Quelles pistes de travail

pour garantir l’avenir de la Polonia de France ?

On le sait bien, la période de célébration du centenaire de l’immigration massive des Polonais a mis en évidence les incertitudes pour l’avenir de la Polonia. Le foisonnement des initiatives locales, souvent limitées à la reconduction des manifestations traditionnelles (avec un petit bandeau « centenaire »), ne permet pas de masquer l’absence de projet collectif, de vision d’ensemble, de mise en perspective, d’innovation durable. Et c’est bien dommage.

Il y a près de 30 ans, dans « Les Polonais du Nord ou la mémoire des corons » (Editions Autrement. Collection « Français d’ailleurs, peuple d’ici »), Janine Ponty écrivait à la page 52 :

« L’activité associative polonaise du Nord parait vulnérable et son avenir compromis, dans la mesure où elle repose sur les épaules d’un très petit nombre de volontaires pugnaces qui, s’ils étaient contraints d’abandonner, ne trouveraient pas de successeurs. Problème propre à la survie de toute association souvent liée à la personne de son président, il présente ici un caractère d’une exceptionnelle gravité car les adolescents, même s’ils se sentent la fibre associative et l’âme généreuse, iront employer leur énergie ailleurs. Ils ne comprennent plus l’intérêt de maintenir des groupes à part, par nationalité d’origine. Les mariages mixtes qui brouillent les pistes ne sont pas seuls en cause. Des jeunes nés de deux parents d’ascendance polonaise raisonnent de même. »

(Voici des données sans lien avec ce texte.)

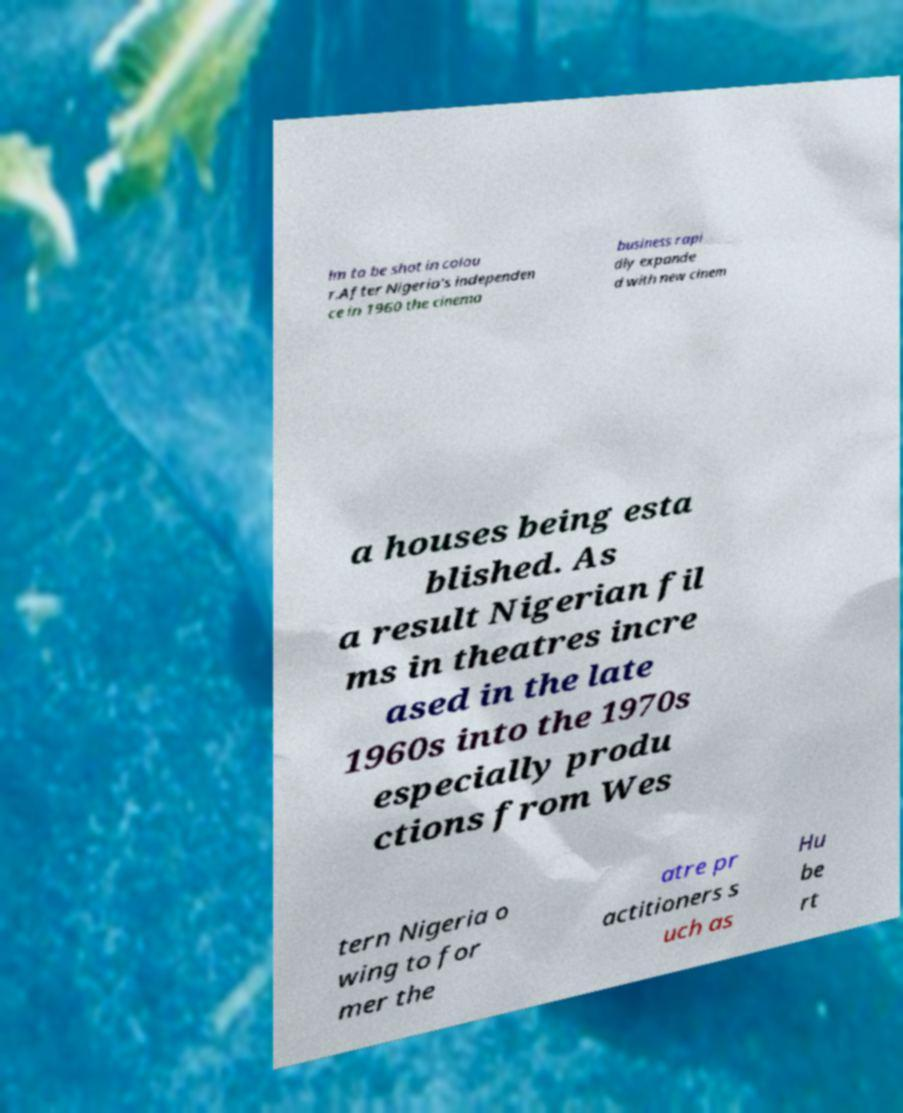Could you extract and type out the text from this image? lm to be shot in colou r.After Nigeria's independen ce in 1960 the cinema business rapi dly expande d with new cinem a houses being esta blished. As a result Nigerian fil ms in theatres incre ased in the late 1960s into the 1970s especially produ ctions from Wes tern Nigeria o wing to for mer the atre pr actitioners s uch as Hu be rt 
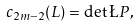Convert formula to latex. <formula><loc_0><loc_0><loc_500><loc_500>c _ { 2 m - 2 } ( L ) = \det \L P ,</formula> 
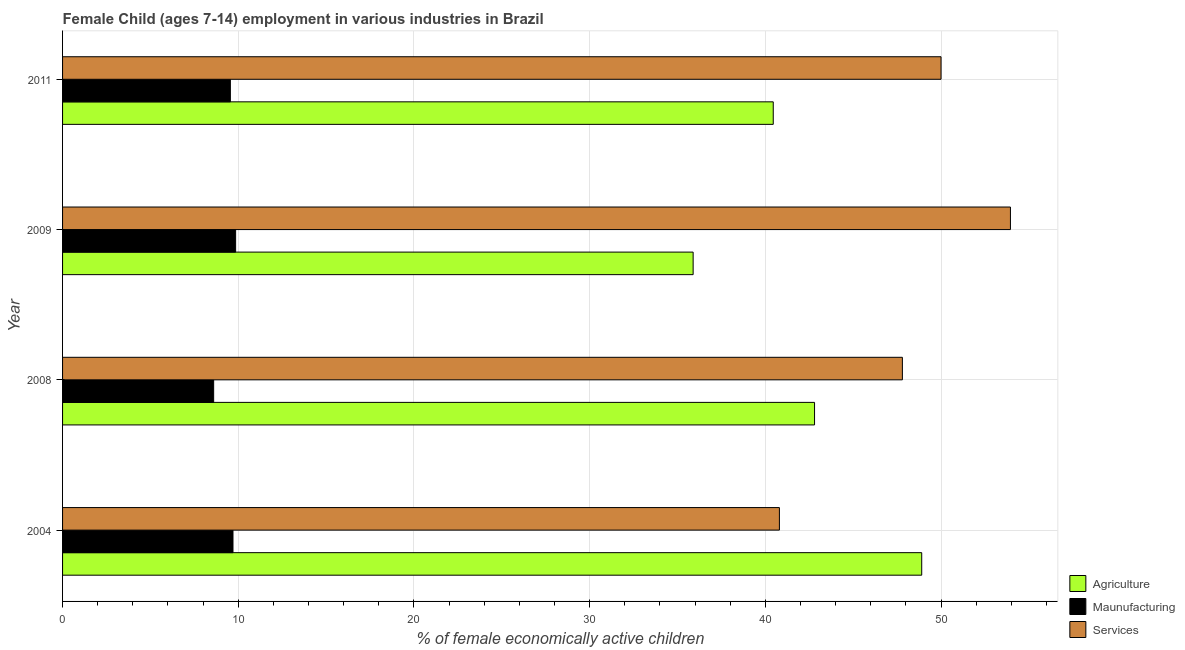How many different coloured bars are there?
Provide a succinct answer. 3. Are the number of bars per tick equal to the number of legend labels?
Offer a very short reply. Yes. Are the number of bars on each tick of the Y-axis equal?
Keep it short and to the point. Yes. In how many cases, is the number of bars for a given year not equal to the number of legend labels?
Offer a terse response. 0. What is the percentage of economically active children in manufacturing in 2004?
Offer a very short reply. 9.7. Across all years, what is the maximum percentage of economically active children in manufacturing?
Offer a terse response. 9.85. Across all years, what is the minimum percentage of economically active children in services?
Make the answer very short. 40.8. What is the total percentage of economically active children in services in the graph?
Your answer should be compact. 192.55. What is the difference between the percentage of economically active children in manufacturing in 2004 and that in 2009?
Give a very brief answer. -0.15. What is the difference between the percentage of economically active children in services in 2009 and the percentage of economically active children in agriculture in 2008?
Offer a very short reply. 11.15. What is the average percentage of economically active children in services per year?
Your response must be concise. 48.14. What is the ratio of the percentage of economically active children in manufacturing in 2004 to that in 2008?
Provide a succinct answer. 1.13. What is the difference between the highest and the lowest percentage of economically active children in agriculture?
Offer a very short reply. 13.01. Is the sum of the percentage of economically active children in services in 2004 and 2009 greater than the maximum percentage of economically active children in agriculture across all years?
Your answer should be very brief. Yes. What does the 1st bar from the top in 2008 represents?
Offer a terse response. Services. What does the 1st bar from the bottom in 2011 represents?
Provide a short and direct response. Agriculture. How many bars are there?
Make the answer very short. 12. What is the difference between two consecutive major ticks on the X-axis?
Offer a terse response. 10. Does the graph contain any zero values?
Make the answer very short. No. Where does the legend appear in the graph?
Your answer should be very brief. Bottom right. How many legend labels are there?
Ensure brevity in your answer.  3. What is the title of the graph?
Give a very brief answer. Female Child (ages 7-14) employment in various industries in Brazil. Does "Transport services" appear as one of the legend labels in the graph?
Your response must be concise. No. What is the label or title of the X-axis?
Give a very brief answer. % of female economically active children. What is the % of female economically active children in Agriculture in 2004?
Your answer should be compact. 48.9. What is the % of female economically active children in Services in 2004?
Ensure brevity in your answer.  40.8. What is the % of female economically active children of Agriculture in 2008?
Your response must be concise. 42.8. What is the % of female economically active children in Services in 2008?
Keep it short and to the point. 47.8. What is the % of female economically active children of Agriculture in 2009?
Provide a short and direct response. 35.89. What is the % of female economically active children of Maunufacturing in 2009?
Your answer should be compact. 9.85. What is the % of female economically active children in Services in 2009?
Your response must be concise. 53.95. What is the % of female economically active children of Agriculture in 2011?
Offer a very short reply. 40.45. What is the % of female economically active children of Maunufacturing in 2011?
Provide a short and direct response. 9.55. What is the % of female economically active children of Services in 2011?
Your response must be concise. 50. Across all years, what is the maximum % of female economically active children of Agriculture?
Offer a very short reply. 48.9. Across all years, what is the maximum % of female economically active children in Maunufacturing?
Ensure brevity in your answer.  9.85. Across all years, what is the maximum % of female economically active children of Services?
Offer a terse response. 53.95. Across all years, what is the minimum % of female economically active children of Agriculture?
Ensure brevity in your answer.  35.89. Across all years, what is the minimum % of female economically active children of Services?
Provide a succinct answer. 40.8. What is the total % of female economically active children in Agriculture in the graph?
Provide a short and direct response. 168.04. What is the total % of female economically active children in Maunufacturing in the graph?
Ensure brevity in your answer.  37.7. What is the total % of female economically active children of Services in the graph?
Offer a very short reply. 192.55. What is the difference between the % of female economically active children of Agriculture in 2004 and that in 2008?
Your response must be concise. 6.1. What is the difference between the % of female economically active children of Agriculture in 2004 and that in 2009?
Provide a short and direct response. 13.01. What is the difference between the % of female economically active children in Maunufacturing in 2004 and that in 2009?
Your answer should be very brief. -0.15. What is the difference between the % of female economically active children in Services in 2004 and that in 2009?
Your answer should be very brief. -13.15. What is the difference between the % of female economically active children of Agriculture in 2004 and that in 2011?
Keep it short and to the point. 8.45. What is the difference between the % of female economically active children in Agriculture in 2008 and that in 2009?
Your response must be concise. 6.91. What is the difference between the % of female economically active children in Maunufacturing in 2008 and that in 2009?
Ensure brevity in your answer.  -1.25. What is the difference between the % of female economically active children of Services in 2008 and that in 2009?
Provide a succinct answer. -6.15. What is the difference between the % of female economically active children of Agriculture in 2008 and that in 2011?
Ensure brevity in your answer.  2.35. What is the difference between the % of female economically active children of Maunufacturing in 2008 and that in 2011?
Your answer should be compact. -0.95. What is the difference between the % of female economically active children in Agriculture in 2009 and that in 2011?
Your answer should be compact. -4.56. What is the difference between the % of female economically active children in Services in 2009 and that in 2011?
Keep it short and to the point. 3.95. What is the difference between the % of female economically active children of Agriculture in 2004 and the % of female economically active children of Maunufacturing in 2008?
Offer a very short reply. 40.3. What is the difference between the % of female economically active children in Agriculture in 2004 and the % of female economically active children in Services in 2008?
Offer a terse response. 1.1. What is the difference between the % of female economically active children in Maunufacturing in 2004 and the % of female economically active children in Services in 2008?
Your response must be concise. -38.1. What is the difference between the % of female economically active children of Agriculture in 2004 and the % of female economically active children of Maunufacturing in 2009?
Provide a short and direct response. 39.05. What is the difference between the % of female economically active children in Agriculture in 2004 and the % of female economically active children in Services in 2009?
Give a very brief answer. -5.05. What is the difference between the % of female economically active children of Maunufacturing in 2004 and the % of female economically active children of Services in 2009?
Your response must be concise. -44.25. What is the difference between the % of female economically active children of Agriculture in 2004 and the % of female economically active children of Maunufacturing in 2011?
Make the answer very short. 39.35. What is the difference between the % of female economically active children of Maunufacturing in 2004 and the % of female economically active children of Services in 2011?
Your response must be concise. -40.3. What is the difference between the % of female economically active children of Agriculture in 2008 and the % of female economically active children of Maunufacturing in 2009?
Give a very brief answer. 32.95. What is the difference between the % of female economically active children of Agriculture in 2008 and the % of female economically active children of Services in 2009?
Your answer should be very brief. -11.15. What is the difference between the % of female economically active children of Maunufacturing in 2008 and the % of female economically active children of Services in 2009?
Give a very brief answer. -45.35. What is the difference between the % of female economically active children of Agriculture in 2008 and the % of female economically active children of Maunufacturing in 2011?
Offer a very short reply. 33.25. What is the difference between the % of female economically active children in Maunufacturing in 2008 and the % of female economically active children in Services in 2011?
Offer a very short reply. -41.4. What is the difference between the % of female economically active children in Agriculture in 2009 and the % of female economically active children in Maunufacturing in 2011?
Keep it short and to the point. 26.34. What is the difference between the % of female economically active children in Agriculture in 2009 and the % of female economically active children in Services in 2011?
Offer a very short reply. -14.11. What is the difference between the % of female economically active children in Maunufacturing in 2009 and the % of female economically active children in Services in 2011?
Make the answer very short. -40.15. What is the average % of female economically active children in Agriculture per year?
Ensure brevity in your answer.  42.01. What is the average % of female economically active children in Maunufacturing per year?
Provide a short and direct response. 9.43. What is the average % of female economically active children in Services per year?
Offer a very short reply. 48.14. In the year 2004, what is the difference between the % of female economically active children in Agriculture and % of female economically active children in Maunufacturing?
Keep it short and to the point. 39.2. In the year 2004, what is the difference between the % of female economically active children in Agriculture and % of female economically active children in Services?
Ensure brevity in your answer.  8.1. In the year 2004, what is the difference between the % of female economically active children of Maunufacturing and % of female economically active children of Services?
Offer a terse response. -31.1. In the year 2008, what is the difference between the % of female economically active children in Agriculture and % of female economically active children in Maunufacturing?
Ensure brevity in your answer.  34.2. In the year 2008, what is the difference between the % of female economically active children of Agriculture and % of female economically active children of Services?
Your response must be concise. -5. In the year 2008, what is the difference between the % of female economically active children in Maunufacturing and % of female economically active children in Services?
Your answer should be very brief. -39.2. In the year 2009, what is the difference between the % of female economically active children in Agriculture and % of female economically active children in Maunufacturing?
Offer a terse response. 26.04. In the year 2009, what is the difference between the % of female economically active children of Agriculture and % of female economically active children of Services?
Provide a short and direct response. -18.06. In the year 2009, what is the difference between the % of female economically active children in Maunufacturing and % of female economically active children in Services?
Give a very brief answer. -44.1. In the year 2011, what is the difference between the % of female economically active children in Agriculture and % of female economically active children in Maunufacturing?
Your response must be concise. 30.9. In the year 2011, what is the difference between the % of female economically active children in Agriculture and % of female economically active children in Services?
Your answer should be very brief. -9.55. In the year 2011, what is the difference between the % of female economically active children in Maunufacturing and % of female economically active children in Services?
Offer a very short reply. -40.45. What is the ratio of the % of female economically active children of Agriculture in 2004 to that in 2008?
Provide a succinct answer. 1.14. What is the ratio of the % of female economically active children in Maunufacturing in 2004 to that in 2008?
Make the answer very short. 1.13. What is the ratio of the % of female economically active children in Services in 2004 to that in 2008?
Ensure brevity in your answer.  0.85. What is the ratio of the % of female economically active children in Agriculture in 2004 to that in 2009?
Ensure brevity in your answer.  1.36. What is the ratio of the % of female economically active children in Maunufacturing in 2004 to that in 2009?
Provide a short and direct response. 0.98. What is the ratio of the % of female economically active children in Services in 2004 to that in 2009?
Offer a very short reply. 0.76. What is the ratio of the % of female economically active children of Agriculture in 2004 to that in 2011?
Offer a terse response. 1.21. What is the ratio of the % of female economically active children in Maunufacturing in 2004 to that in 2011?
Give a very brief answer. 1.02. What is the ratio of the % of female economically active children of Services in 2004 to that in 2011?
Your answer should be compact. 0.82. What is the ratio of the % of female economically active children in Agriculture in 2008 to that in 2009?
Give a very brief answer. 1.19. What is the ratio of the % of female economically active children in Maunufacturing in 2008 to that in 2009?
Keep it short and to the point. 0.87. What is the ratio of the % of female economically active children of Services in 2008 to that in 2009?
Ensure brevity in your answer.  0.89. What is the ratio of the % of female economically active children of Agriculture in 2008 to that in 2011?
Give a very brief answer. 1.06. What is the ratio of the % of female economically active children in Maunufacturing in 2008 to that in 2011?
Give a very brief answer. 0.9. What is the ratio of the % of female economically active children of Services in 2008 to that in 2011?
Offer a very short reply. 0.96. What is the ratio of the % of female economically active children in Agriculture in 2009 to that in 2011?
Offer a very short reply. 0.89. What is the ratio of the % of female economically active children in Maunufacturing in 2009 to that in 2011?
Offer a terse response. 1.03. What is the ratio of the % of female economically active children of Services in 2009 to that in 2011?
Your answer should be very brief. 1.08. What is the difference between the highest and the second highest % of female economically active children of Agriculture?
Provide a succinct answer. 6.1. What is the difference between the highest and the second highest % of female economically active children in Services?
Provide a short and direct response. 3.95. What is the difference between the highest and the lowest % of female economically active children of Agriculture?
Your answer should be compact. 13.01. What is the difference between the highest and the lowest % of female economically active children of Services?
Make the answer very short. 13.15.

Certes, cette prévision d’une grande universitaire qui a consacré la plus grande partie de sa vie à étudier l’immigration polonaise, s’est révélée prématurée et on peut s’en réjouir. Mais le problème se pose aujourd’hui avec une plus grande acuité. Il est confirmé par de nombreuses observations : - les nouvelles immigrations ne s’intéressent pas à cette vie associative traditionnelle et cherchent autre chose – les Français d’origine polonaise qui sont allés travailler en Pologne pour leurs études ou leur travail (contrats avec des entreprises) refusent de nouer des contacts, à leur retour, avec ces associations qu’ils considèrent comme ringardes – le niveau culturel des nouvelles générations, beaucoup plus élevé que celui de leurs ascendants, fait que les banquets, les messes, les fêtes, ne les intéressent pas, certains s’en moquant même durement en les qualifiant de réserves de polonais, comme les réserves d’indiens, avec des pratiques rappelant celles de leurs arrières arrières grands parents.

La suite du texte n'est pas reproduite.